PyAirbyte brings the power of Airbyte to every Python developer
How does PyAirbyte work?
Installation via PyPi
- PyAirbyte is installed using pip, making it accessible to anyone with a setup that supports Python >=3.9.
Data ingestion with one Python statement
- PyAirbyte offers straightforward source connector configuration, with flexible data stream management and versatile caching options.
- Extract data from hundreds of sources and load it to a variety of SQL caches, like DuckDB, Postgres, Snowflake and BigQuery.
Interoperability with SQL, Python libraries and AI frameworks
- PyAirbyte cached data is compatible with various Python libraries, like Pandas and SQL-based tools, as well as popular AI frameworks like LangChain and LlamaIndex, to facilitate building LLM powered applications.
Compatibility with Airbyte Cloud and Open Source jobs
- PyAirbyte lets you run existing jobs in Airbyte Cloud & OSS, providing convenient access to synchronized datasets.
- Deploy your PyAirbyte connections as Airbyte cloud or OSS jobs for seamless integration.
Say goodbye to
custom ETL scripting
Leverage the Ubiquity of Python
Decrease Time to Value by Enabling Fast Prototyping
Reduce the Need for Custom ETL Development
Facilitate AI Use Cases
Enable Data Engineering Best Practices
Build to scale with your business
Frequently asked questions
Does PyAirbyte replace Airbyte?
No, PyAirbyte complements Airbyte by offering additional capabilities for Python environments. You can start prototyping with PyAirbyte and then transition to another Airbyte offering as your needs evolve or scale.
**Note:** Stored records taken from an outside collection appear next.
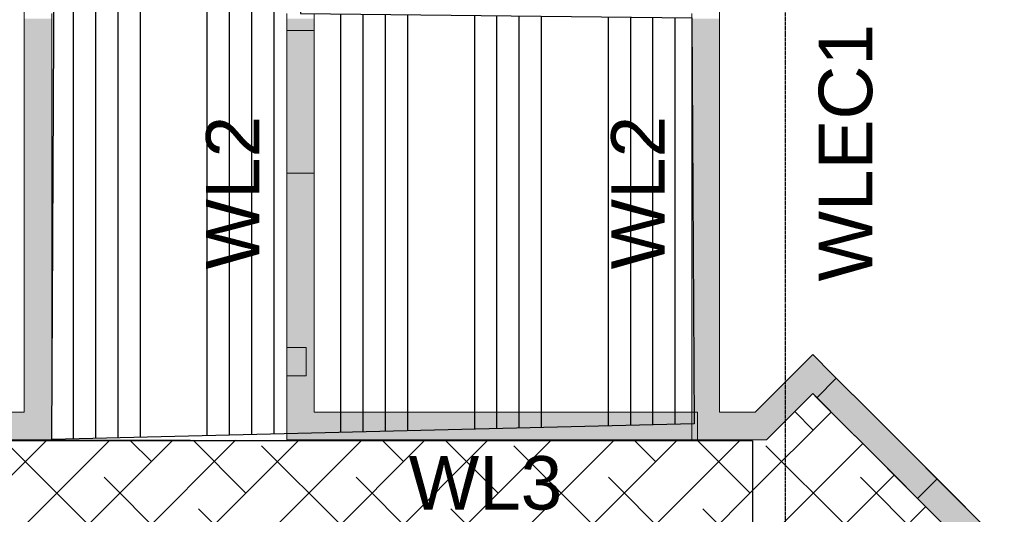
# Model space of a CAD drawing. Header units: inches. Extents: x -4126 to -1814, y 9773 to 12338.
# Tile 98 of 113: x -2715 to -2439, y 11697 to 11835. Entities that reach past the tile are written whole.
import ezdxf

# ---------------------------------------------------------------- set-up
doc = ezdxf.new("R2010")
doc.units = ezdxf.units.IN
doc.header["$MEASUREMENT"] = 0
doc.linetypes.add('Grid Line 1_2_', pattern=[0.875, 0.5, -0.125, 0.125, -0.125])
doc.layers.add('I-WALL', color=2, linetype='Continuous', lineweight=13)
doc.layers.add('S-GRID', color=1, linetype='Continuous', lineweight=9)
doc.layers.add('LOAD_HATCH', color=8, linetype='Continuous')
doc.layers.add('loads', color=1, linetype='Continuous')
doc.styles.add('Arial', font='Arial.ttf', dxfattribs={"height": 18})

# ---------------------------------------------------------------- blocks, each defined once
blk = doc.blocks.new('CTR - 1st Phase - Common Walls_rvt-1-FRAMING PLAN - 1ST FLOOR')
at = {"layer": 'I-WALL', "lineweight": 5, "transparency": 33554585}
for points in [[(-2706.07, 11835.19), (-2706.07, 11835.69), (-2713.82, 11835.69), (-2713.82, 11835.19), (-2706.26, 11835.19)], [(-2713.82, 11717.61), (-2706.07, 11717.61), (-2706.07, 11835.19), (-2713.82, 11835.19), (-2713.82, 11725.36)], [(-2640.2, 11835.19), (-2632.45, 11835.19), (-2632.45, 11835.69), (-2640.2, 11835.69)], [(-2518.82, 11835.19), (-2518.82, 11835.69), (-2526.57, 11835.69), (-2526.57, 11835.19)], [(-2524.95, 11725.36), (-2518.82, 11725.36), (-2518.82, 11835.19), (-2526.57, 11835.19), (-2526.57, 11725.36)], [(-2632.45, 11792.36), (-2632.45, 11832.36), (-2640.2, 11832.36), (-2640.2, 11792.36)], [(-2634.76, 11735.49), (-2634.76, 11743.49), (-2640.2, 11743.49), (-2640.2, 11735.49)], [(-2497.87, 11725.36), (-2487.21, 11736.02), (-2492.69, 11741.5), (-2508.83, 11725.36), (-2505.62, 11725.36)], [(-2480.96, 11718.81), (-2480.96, 11729.77), (-2481.8, 11730.61), (-2481.8, 11719.65), (-2481.34, 11719.19)], [(-2524.95, 11717.61), (-2524.95, 11725.36), (-2526.57, 11725.36), (-2526.57, 11717.61)], [(-2518.82, 11717.61), (-2505.62, 11717.61), (-2497.87, 11725.36), (-2524.95, 11725.36), (-2524.95, 11717.61)]]:
    blk.add_hatch(color=8, dxfattribs=at).paths.add_polyline_path(points, flags=0)
h = blk.add_hatch(color=8, dxfattribs=at)
h.paths.add_polyline_path([(-2640.2, 11717.61), (-2632.45, 11717.61), (-2632.45, 11792.36), (-2640.2, 11792.36), (-2640.2, 11743.49), (-2634.76, 11743.49), (-2634.76, 11735.49), (-2640.2, 11735.49), (-2640.2, 11725.36)], flags=0)
h.paths.add_polyline_path([(-2632.45, 11832.36), (-2632.45, 11835.19), (-2640.2, 11835.19), (-2640.2, 11832.36)], flags=0)
h = blk.add_hatch(color=8, dxfattribs=at)
h.paths.add_polyline_path([(-2444.43, 11682.28), (-2438.95, 11687.76), (-2457.78, 11706.59), (-2463.26, 11701.11), (-2449.39, 11687.24)], flags=0)
h.paths.add_polyline_path([(-2491.54, 11729.39), (-2486.06, 11734.87), (-2487.21, 11736.02), (-2492.69, 11730.54)], flags=0)
h = blk.add_hatch(color=8, dxfattribs=at)
h.paths.add_polyline_path([(-2463.26, 11701.11), (-2457.78, 11706.59), (-2480.14, 11728.95), (-2480.14, 11717.99), (-2468.74, 11706.59)], flags=0)
h.paths.add_polyline_path([(-2480.53, 11718.38), (-2480.53, 11729.34), (-2480.96, 11729.77), (-2480.96, 11718.81)], flags=0)
h.paths.add_polyline_path([(-2481.8, 11719.65), (-2481.8, 11730.61), (-2482.23, 11731.04), (-2482.23, 11720.08)], flags=0)
h.paths.add_polyline_path([(-2482.62, 11720.47), (-2482.62, 11731.43), (-2486.06, 11734.87), (-2491.54, 11729.39), (-2486.06, 11723.91)], flags=0)
h = blk.add_hatch(color=8, dxfattribs=at)
h.paths.add_polyline_path([(-2480.14, 11717.99), (-2480.14, 11728.95), (-2480.53, 11729.34), (-2480.53, 11718.38)], flags=0)
h.paths.add_polyline_path([(-2482.23, 11720.08), (-2482.23, 11731.04), (-2482.62, 11731.43), (-2482.62, 11720.47)], flags=0)
h = blk.add_hatch(color=8, dxfattribs=at)
h.paths.add_polyline_path([(-2718.72, 11717.61), (-2713.82, 11717.61), (-2713.82, 11725.36), (-2719.55, 11725.36), (-2719.55, 11717.61), (-2718.97, 11717.61)], flags=0)
h.paths.add_polyline_path([(-2719.94, 11717.61), (-2719.94, 11725.36), (-2720.37, 11725.36), (-2720.37, 11717.61)], flags=0)
h.paths.add_polyline_path([(-2721.2, 11717.61), (-2721.2, 11725.36), (-2721.63, 11725.36), (-2721.63, 11717.61), (-2721.3, 11717.61)], flags=0)
h.paths.add_polyline_path([(-2726.97, 11717.99), (-2722.03, 11717.99), (-2722.03, 11725.36), (-2732.55, 11725.36), (-2732.55, 11717.99)], flags=0)
h = blk.add_hatch(color=8, dxfattribs=at)
h.paths.add_polyline_path([(-2626.26, 11717.61), (-2626.26, 11725.36), (-2632.45, 11725.36), (-2632.45, 11717.61), (-2631.55, 11717.61)], flags=0)
h.paths.add_polyline_path([(-2625.87, 11717.61), (-2625.44, 11717.61), (-2625.44, 11725.36), (-2625.87, 11725.36)], flags=0)
h.paths.add_polyline_path([(-2526.57, 11717.61), (-2526.57, 11725.36), (-2528.02, 11725.36), (-2528.02, 11717.61)], flags=0)
h.paths.add_polyline_path([(-2528.41, 11717.61), (-2528.41, 11725.36), (-2528.84, 11725.36), (-2528.84, 11717.61)], flags=0)
h.paths.add_polyline_path([(-2624.61, 11717.61), (-2624.18, 11717.61), (-2624.18, 11725.36), (-2624.61, 11725.36)], flags=0)
h.paths.add_polyline_path([(-2529.68, 11717.61), (-2529.68, 11725.36), (-2530.11, 11725.36), (-2530.11, 11717.61)], flags=0)
h.paths.add_polyline_path([(-2623.78, 11717.61), (-2578.38, 11717.61), (-2578.38, 11725.36), (-2623.78, 11725.36)], flags=0)
h.paths.add_polyline_path([(-2530.5, 11717.61), (-2530.5, 11725.36), (-2575.9, 11725.36), (-2575.9, 11717.61)], flags=0)
h.paths.add_polyline_path([(-2576.3, 11717.61), (-2576.3, 11725.36), (-2576.73, 11725.36), (-2576.73, 11717.61)], flags=0)
h.paths.add_polyline_path([(-2577.99, 11717.61), (-2577.56, 11717.61), (-2577.56, 11725.36), (-2577.99, 11725.36)], flags=0)
h = blk.add_hatch(color=8, dxfattribs=at)
h.paths.add_polyline_path([(-2626.26, 11717.61), (-2625.87, 11717.61), (-2625.87, 11725.36), (-2626.26, 11725.36)], flags=0)
h.paths.add_polyline_path([(-2528.02, 11717.61), (-2528.02, 11725.36), (-2528.41, 11725.36), (-2528.41, 11717.61)], flags=0)
h.paths.add_polyline_path([(-2624.18, 11717.61), (-2623.78, 11717.61), (-2623.78, 11725.36), (-2624.18, 11725.36)], flags=0)
h.paths.add_polyline_path([(-2575.9, 11717.61), (-2575.9, 11725.36), (-2576.3, 11725.36), (-2576.3, 11717.61)], flags=0)
h.paths.add_polyline_path([(-2578.38, 11717.61), (-2577.99, 11717.61), (-2577.99, 11725.36), (-2578.38, 11725.36)], flags=0)
h.paths.add_polyline_path([(-2530.11, 11717.61), (-2530.11, 11725.36), (-2530.5, 11725.36), (-2530.5, 11717.61)], flags=0)
h = blk.add_hatch(color=8, dxfattribs=at)
h.paths.add_polyline_path([(-2577.56, 11717.61), (-2576.73, 11717.61), (-2576.73, 11725.36), (-2577.56, 11725.36)], flags=0)
h.paths.add_polyline_path([(-2625.44, 11717.61), (-2624.61, 11717.61), (-2624.61, 11725.36), (-2625.44, 11725.36)], flags=0)
h.paths.add_polyline_path([(-2528.84, 11717.61), (-2528.84, 11725.36), (-2529.68, 11725.36), (-2529.68, 11717.61), (-2529.22, 11717.61)], flags=0)
at = {"layer": 'I-WALL', "color": 9}
for p, q in [((-2713.82, 11837.94), (-2713.82, 11835.19)), ((-2518.82, 11835.19), (-2518.82, 11837.94)), ((-2713.82, 11835.19), (-2713.82, 11725.36)), ((-2706.07, 11835.19), (-2706.07, 11837.19)), ((-2706.07, 11717.61), (-2706.07, 11835.19)), ((-2640.2, 11837.19), (-2640.2, 11835.19)), ((-2640.2, 11835.19), (-2640.2, 11832.36)), ((-2632.45, 11835.19), (-2632.45, 11837.19)), ((-2632.45, 11832.36), (-2632.45, 11835.19)), ((-2526.57, 11837.19), (-2526.57, 11835.19)), ((-2526.57, 11835.19), (-2526.57, 11725.36)), ((-2518.82, 11725.36), (-2518.82, 11835.19)), ((-2640.2, 11832.36), (-2640.2, 11792.36)), ((-2632.45, 11832.36), (-2640.2, 11832.36)), ((-2632.45, 11792.36), (-2632.45, 11832.36)), ((-2640.2, 11792.36), (-2640.2, 11717.61)), ((-2640.2, 11792.36), (-2632.45, 11792.36)), ((-2632.45, 11725.36), (-2632.45, 11792.36)), ((-2492.69, 11741.5), (-2508.83, 11725.36)), ((-2492.69, 11741.5), (-2487.21, 11736.02)), ((-2486.06, 11734.87), (-2487.21, 11736.02)), ((-2486.06, 11734.87), (-2491.54, 11729.39)), ((-2482.62, 11731.43), (-2486.06, 11734.87)), ((-2497.87, 11725.36), (-2492.69, 11730.54)), ((-2492.69, 11730.54), (-2491.54, 11729.39)), ((-2482.23, 11731.04), (-2482.62, 11731.43)), ((-2481.42, 11730.23), (-2482.23, 11731.04)), ((-2480.53, 11729.34), (-2481.34, 11730.15)), ((-2491.54, 11729.39), (-2482.62, 11720.47)), ((-2480.14, 11728.95), (-2480.53, 11729.34)), ((-2457.78, 11706.59), (-2480.14, 11728.95)), ((-2713.82, 11725.36), (-2719.55, 11725.36)), ((-2626.26, 11725.36), (-2632.45, 11725.36)), ((-2625.87, 11725.36), (-2626.26, 11725.36)), ((-2625.07, 11725.36), (-2625.87, 11725.36)), ((-2624.18, 11725.36), (-2624.98, 11725.36)), ((-2623.78, 11725.36), (-2624.18, 11725.36)), ((-2578.38, 11725.36), (-2623.78, 11725.36)), ((-2577.99, 11725.36), (-2578.38, 11725.36)), ((-2577.18, 11725.36), (-2577.99, 11725.36)), ((-2576.3, 11725.36), (-2577.1, 11725.36)), ((-2575.9, 11725.36), (-2576.3, 11725.36)), ((-2530.5, 11725.36), (-2575.9, 11725.36)), ((-2530.11, 11725.36), (-2530.5, 11725.36)), ((-2529.3, 11725.36), (-2530.11, 11725.36)), ((-2528.41, 11725.36), (-2529.22, 11725.36)), ((-2528.02, 11725.36), (-2528.41, 11725.36)), ((-2524.95, 11725.36), (-2528.02, 11725.36)), ((-2526.57, 11717.61), (-2526.57, 11725.36)), ((-2524.95, 11725.36), (-2524.95, 11717.61)), ((-2508.83, 11725.36), (-2518.82, 11725.36)), ((-2497.87, 11725.36), (-2505.62, 11717.61)), ((-2482.62, 11720.47), (-2482.23, 11720.08)), ((-2482.23, 11720.08), (-2481.42, 11719.27)), ((-2481.34, 11719.19), (-2480.53, 11718.38)), ((-2719.55, 11717.61), (-2713.82, 11717.61)), ((-2706.07, 11717.61), (-2713.82, 11717.61)), ((-2632.45, 11717.61), (-2640.2, 11717.61)), ((-2632.45, 11717.61), (-2626.26, 11717.61)), ((-2626.26, 11717.61), (-2625.87, 11717.61)), ((-2625.87, 11717.61), (-2625.07, 11717.61)), ((-2624.98, 11717.61), (-2624.18, 11717.61)), ((-2624.18, 11717.61), (-2623.78, 11717.61)), ((-2623.78, 11717.61), (-2578.38, 11717.61)), ((-2578.38, 11717.61), (-2577.99, 11717.61)), ((-2577.99, 11717.61), (-2577.18, 11717.61)), ((-2577.1, 11717.61), (-2576.3, 11717.61)), ((-2576.3, 11717.61), (-2575.9, 11717.61)), ((-2575.9, 11717.61), (-2530.5, 11717.61)), ((-2530.5, 11717.61), (-2530.11, 11717.61)), ((-2530.11, 11717.61), (-2529.3, 11717.61)), ((-2529.22, 11717.61), (-2528.41, 11717.61)), ((-2528.41, 11717.61), (-2528.02, 11717.61)), ((-2528.02, 11717.61), (-2524.95, 11717.61)), ((-2526.57, 11717.61), (-2505.62, 11717.61)), ((-2480.53, 11718.38), (-2480.14, 11717.99)), ((-2480.14, 11717.99), (-2463.26, 11701.11)), ((-2463.26, 11701.11), (-2457.78, 11706.59)), ((-2438.95, 11687.76), (-2457.78, 11706.59)), ((-2463.26, 11701.11), (-2444.43, 11682.28))]:
    blk.add_line(p, q, dxfattribs=at)
at = {"layer": 'I-WALL', "color": 253}
for p, q in [((-2713.82, 11835.19), (-2713.82, 11835.69)), ((-2713.82, 11725.36), (-2713.82, 11835.19)), ((-2706.07, 11835.69), (-2706.07, 11835.19)), ((-2706.07, 11835.19), (-2706.07, 11717.61)), ((-2640.2, 11835.19), (-2640.2, 11835.69)), ((-2640.2, 11743.49), (-2640.2, 11835.19)), ((-2632.45, 11835.69), (-2632.45, 11835.19)), ((-2632.45, 11835.19), (-2632.45, 11725.36)), ((-2526.57, 11835.19), (-2526.57, 11835.69)), ((-2526.57, 11725.36), (-2526.57, 11835.19)), ((-2518.82, 11835.69), (-2518.82, 11835.19)), ((-2518.82, 11835.19), (-2518.82, 11725.36)), ((-2632.45, 11832.36), (-2640.2, 11832.36)), ((-2632.45, 11792.36), (-2640.2, 11792.36)), ((-2640.2, 11735.49), (-2640.2, 11743.49)), ((-2640.2, 11743.49), (-2640.2, 11735.49)), ((-2640.2, 11735.49), (-2640.2, 11743.49)), ((-2640.2, 11743.49), (-2634.76, 11743.49)), ((-2640.2, 11743.49), (-2634.76, 11743.49)), ((-2634.76, 11735.49), (-2634.76, 11743.49)), ((-2634.76, 11743.49), (-2634.76, 11735.49)), ((-2508.83, 11725.36), (-2492.69, 11741.5)), ((-2487.21, 11736.02), (-2492.69, 11741.5)), ((-2640.2, 11717.61), (-2640.2, 11735.49)), ((-2634.76, 11735.49), (-2640.2, 11735.49)), ((-2640.2, 11735.49), (-2634.76, 11735.49)), ((-2487.21, 11736.02), (-2482.62, 11731.43)), ((-2486.06, 11734.87), (-2491.54, 11729.39)), ((-2492.69, 11730.54), (-2497.87, 11725.36)), ((-2482.62, 11720.47), (-2492.69, 11730.54)), ((-2482.62, 11731.43), (-2482.23, 11731.04)), ((-2482.23, 11731.04), (-2481.8, 11730.61)), ((-2481.8, 11730.61), (-2481.42, 11730.23)), ((-2481.34, 11730.15), (-2480.96, 11729.77)), ((-2480.96, 11729.77), (-2480.53, 11729.34)), ((-2480.53, 11729.34), (-2480.14, 11728.95)), ((-2480.14, 11728.95), (-2438.95, 11687.76)), ((-2719.55, 11725.36), (-2713.82, 11725.36)), ((-2632.45, 11725.36), (-2626.26, 11725.36)), ((-2626.26, 11725.36), (-2625.87, 11725.36)), ((-2625.87, 11725.36), (-2625.44, 11725.36)), ((-2625.44, 11725.36), (-2625.07, 11725.36)), ((-2624.98, 11725.36), (-2624.61, 11725.36)), ((-2624.61, 11725.36), (-2624.18, 11725.36)), ((-2624.18, 11725.36), (-2623.78, 11725.36)), ((-2623.78, 11725.36), (-2578.38, 11725.36)), ((-2578.38, 11725.36), (-2577.99, 11725.36)), ((-2577.99, 11725.36), (-2577.56, 11725.36)), ((-2577.56, 11725.36), (-2577.18, 11725.36)), ((-2577.1, 11725.36), (-2576.73, 11725.36)), ((-2576.73, 11725.36), (-2576.3, 11725.36)), ((-2576.3, 11725.36), (-2575.9, 11725.36)), ((-2575.9, 11725.36), (-2530.5, 11725.36)), ((-2530.5, 11725.36), (-2530.11, 11725.36)), ((-2530.11, 11725.36), (-2529.68, 11725.36)), ((-2529.68, 11725.36), (-2529.3, 11725.36)), ((-2529.22, 11725.36), (-2528.84, 11725.36)), ((-2528.84, 11725.36), (-2528.41, 11725.36)), ((-2528.41, 11725.36), (-2528.02, 11725.36)), ((-2528.02, 11725.36), (-2526.57, 11725.36)), ((-2526.57, 11725.36), (-2524.95, 11725.36)), ((-2526.57, 11725.36), (-2526.57, 11717.61)), ((-2524.95, 11717.61), (-2524.95, 11725.36)), ((-2518.82, 11725.36), (-2508.83, 11725.36)), ((-2505.62, 11717.61), (-2497.87, 11725.36)), ((-2482.23, 11720.08), (-2482.62, 11720.47)), ((-2481.8, 11719.65), (-2482.23, 11720.08)), ((-2481.42, 11719.27), (-2481.8, 11719.65)), ((-2480.96, 11718.81), (-2481.34, 11719.19)), ((-2480.53, 11718.38), (-2480.96, 11718.81)), ((-2713.82, 11717.61), (-2719.55, 11717.61)), ((-2713.82, 11717.61), (-2706.07, 11717.61)), ((-2640.2, 11717.61), (-2632.45, 11717.61)), ((-2626.26, 11717.61), (-2632.45, 11717.61)), ((-2625.87, 11717.61), (-2626.26, 11717.61)), ((-2625.44, 11717.61), (-2625.87, 11717.61)), ((-2625.07, 11717.61), (-2625.44, 11717.61)), ((-2624.61, 11717.61), (-2624.98, 11717.61)), ((-2624.18, 11717.61), (-2624.61, 11717.61)), ((-2623.78, 11717.61), (-2624.18, 11717.61)), ((-2578.38, 11717.61), (-2623.78, 11717.61)), ((-2577.99, 11717.61), (-2578.38, 11717.61)), ((-2577.56, 11717.61), (-2577.99, 11717.61)), ((-2577.18, 11717.61), (-2577.56, 11717.61)), ((-2576.73, 11717.61), (-2577.1, 11717.61)), ((-2576.3, 11717.61), (-2576.73, 11717.61)), ((-2575.9, 11717.61), (-2576.3, 11717.61)), ((-2530.5, 11717.61), (-2575.9, 11717.61)), ((-2530.11, 11717.61), (-2530.5, 11717.61)), ((-2529.68, 11717.61), (-2530.11, 11717.61)), ((-2529.3, 11717.61), (-2529.68, 11717.61)), ((-2528.84, 11717.61), (-2529.22, 11717.61)), ((-2528.41, 11717.61), (-2528.84, 11717.61)), ((-2528.02, 11717.61), (-2528.41, 11717.61)), ((-2526.57, 11717.61), (-2528.02, 11717.61)), ((-2524.95, 11717.61), (-2526.57, 11717.61)), ((-2524.95, 11717.61), (-2526.57, 11717.61)), ((-2505.62, 11717.61), (-2524.95, 11717.61)), ((-2480.14, 11717.99), (-2480.53, 11718.38)), ((-2444.43, 11682.28), (-2480.14, 11717.99)), ((-2457.78, 11706.59), (-2463.26, 11701.11))]:
    blk.add_line(p, q, dxfattribs=at)

msp = doc.modelspace()

# ---------------------------------------------------------------- hatches: boundary and pattern name
at = {"layer": 'LOAD_HATCH'}
h = msp.add_hatch(dxfattribs=at)
h.set_pattern_fill('ANSI34', color=256, scale=50, angle=45, style=0)
h.paths.add_polyline_path([(-2706.074, 11717.614), (-2704.324, 12077.189), (-2636.324, 12077.189), (-2636.324, 11907.189), (-2636.324, 11837.189), (-2526.574, 11835.977), (-2525.949, 11722.014)])
h = msp.add_hatch(dxfattribs=at)
h.set_pattern_fill('ANSI38', color=256, scale=100, style=0)
h.paths.add_polyline_path([(-3481.324, 10382.789), (-3418.524, 10381), (-3072.924, 10381), (-2509.521, 10381.514), (-2503.7, 10449.439), (-3408.924, 10449.439), (-3401.049, 11277.289), (-3371.874, 11277.289), (-3371.874, 11473.789), (-3140.124, 11473.539), (-3139.124, 11648.339), (-2778.924, 11649.339), (-2778.924, 11628.389), (-2718.724, 11628.389), (-2650.524, 11628.389), (-2650.524, 11649.339), (-2509.521, 11650), (-2509.521, 11717.264), (-3140.124, 11718), (-3140.124, 11838.614), (-3460.024, 11838.614), (-3460.024, 11787.364), (-3199.999, 11783.364), (-3199.999, 11535.189), (-3481.324, 11530.989), (-3477.974, 11244.389), (-3477.974, 10410)])
h = msp.add_hatch(dxfattribs=at)
h.set_pattern_fill('ANSI38', color=256, scale=100, style=0)
h.paths.add_polyline_path([(-2509.521, 11650), (-2650.524, 11649.339), (-2650.524, 11648.364), (-2643.349, 11648.364), (-2626.265, 11648.364), (-2625.871, 11648.364), (-2625.458, 11648.364), (-2624.178, 11648.364), (-2623.784, 11648.364), (-2578.383, 11648.364), (-2577.989, 11648.364), (-2576.709, 11648.364), (-2576.296, 11648.364), (-2575.902, 11648.364), (-2530.501, 11648.364), (-2530.107, 11648.364), (-2529.694, 11648.364), (-2528.414, 11648.364), (-2528.021, 11648.364), (-2505.62, 11648.364), (-2500.324, 11643.069), (-2500.324, 11722.91), (-2505.62, 11717.614), (-2509.521, 11717.614), (-2509.521, 11716.639)])
h.paths.add_polyline_path([(-2500.324, 11643.069), (-2500.324, 11722.91), (-2497.87, 11725.364), (-2492.692, 11730.542), (-2491.543, 11729.393), (-2484.845, 11722.696), (-2480.532, 11718.383), (-2477.913, 11715.763), (-2463.258, 11701.109), (-2444.432, 11682.282), (-2462.551, 11664.163), (-2477.913, 11648.801), (-2482.225, 11644.489), (-2484.845, 11641.869), (-2490.836, 11635.878), (-2491.985, 11634.729), (-2497.87, 11640.614)])
h.paths.add_polyline_path([(-2611, 11672), (-2611, 11642), (-2559.121, 11642), (-2559.121, 11672)], flags=24)

# ---------------------------------------------------------------- linework, layer by layer
msp.add_lwpolyline([(-2704.324, 12077.189), (-2636.324, 12077.189), (-2636.324, 11907.189), (-2636.324, 11837.189), (-2526.574, 11835.977), (-2525.949, 11722.014), (-2706.074, 11717.614)], close=True, dxfattribs=at)
msp.add_lwpolyline([(-3477.974, 10410), (-3477.974, 11244.389), (-3481.324, 11530.989), (-3199.999, 11535.189), (-3199.999, 11783.364), (-3460.024, 11787.364), (-3460.024, 11838.614), (-3140.124, 11838.614), (-3140.124, 11718), (-2509.521, 11717.264), (-2739.924, 11717.364), (-2509.521, 11717.264), (-2509.521, 11650), (-2650.524, 11649.339), (-2650.524, 11628.389), (-2718.724, 11628.389), (-2778.924, 11628.389), (-2778.924, 11649.339), (-3139.124, 11648.339), (-3140.124, 11473.539), (-3371.874, 11473.789), (-3371.874, 11277.289), (-3401.049, 11277.289), (-3408.924, 10449.439)], dxfattribs=at)
at = {"layer": 'S-GRID', "linetype": 'Grid Line 1_2_', "lineweight": 30}
msp.add_line((-2500.324, 9772.61), (-2500.324, 12288.555), dxfattribs=at)

# ---------------------------------------------------------------- block references
at = {"lineweight": 5}
msp.add_blockref('CTR - 1st Phase - Common Walls_rvt-1-FRAMING PLAN - 1ST FLOOR', (0, 0), dxfattribs=at)

# ---------------------------------------------------------------- texts
at = {"layer": 'loads', "char_height": 15, "width": 29.92125, "attachment_point": 1, "rotation": 90, "style": 'Arial'}
for s, insert in [('WLEC1', (-2491, 11762)), ('WL2', (-2662.827, 11765.369)), ('WL2', (-2549.202, 11765.369))]:
    msp.add_mtext(s, dxfattribs=dict(at, insert=insert))
at = {"layer": 'loads', "insert": (-2606, 11713), "char_height": 15, "width": 29.92125, "attachment_point": 1, "style": 'Arial'}
msp.add_mtext('WL3', dxfattribs=at)

doc.saveas('drawing.dxf')

What is the PyAirbyte cache? Is it an Airbyte destination?
Yes, you can think of the PyAirbyte cache as a built-in destination implementation. We avoid the term “destination” to avoid confusion with our certified destinations.
Can I develop traditional ETL pipelines with PyAirbyte?
Yes, PyAirbyte supports traditional ETL pipeline development. Simply select a cache type that matches your data destination.
Can PyAirbyte import a source connector from a local directory that has python project files?
Yes, PyAirbyte can use any local install that has a CLI, and will automatically find connectors by name if they are on PATH.
Can I move millions of rows or TB of data using PyAirbyte?
PyAirbyte should be able to efficiently handle large data volumes by writing to disk first and compressing data. The native database provider implementations ensure fast and memory-efficient processing.
What are some potential use cases of PyAirbyte?
PyAirbyte is ideal for data experimentation and discovery outside traditional data-warehousing, and for testing data flows before production deployment.
How does PyAirbyte handle non-breaking schema changes?
We check for schema compatibility and plan to soon add support for handling additional columns added upstream.
Are you planning to add support for more cache types or allow custom cache implementations?
We're open to contributions! And if there's significant user demand, we may add the feature ourselves.
Can I use PyAirbyte to develop or test when developing Airbyte sources?
Absolutely. PyAirbyte is a useful tool for development and testing of Python-based sources.
Can I run my existing Airbyte Cloud or Open Source jobs from PyAirbyte?
Yes, PyAirbyte provides full interoperability with Airbyte Cloud and OSS. You can trigger existing hosted jobs and access resulting synced datasets. You can also deploy new jobs to Airbyte Cloud and OSS via PyAirbyte. Refer to documentation for usage.
Is PyAirbyte compatible with data orchestration frameworks like Airflow, Dagster, and Snowpark?
Yes, PyAirbyte is designed to work with various data orchestration frameworks.
Where does PyAirbyte store the state for incremental processing?
PyAirbyte stores the state in the _airbyte_state table, alongside the data, in databases like DuckDB, Postgres, Snowflake, BigQuery, or MotherDuck.
Is it possible to change the normalization step of a destination with PyAirbyte?
While direct modifications to property names aren't available, you can use the get_records() method to retrieve data as a Python dictionary and store it as desired.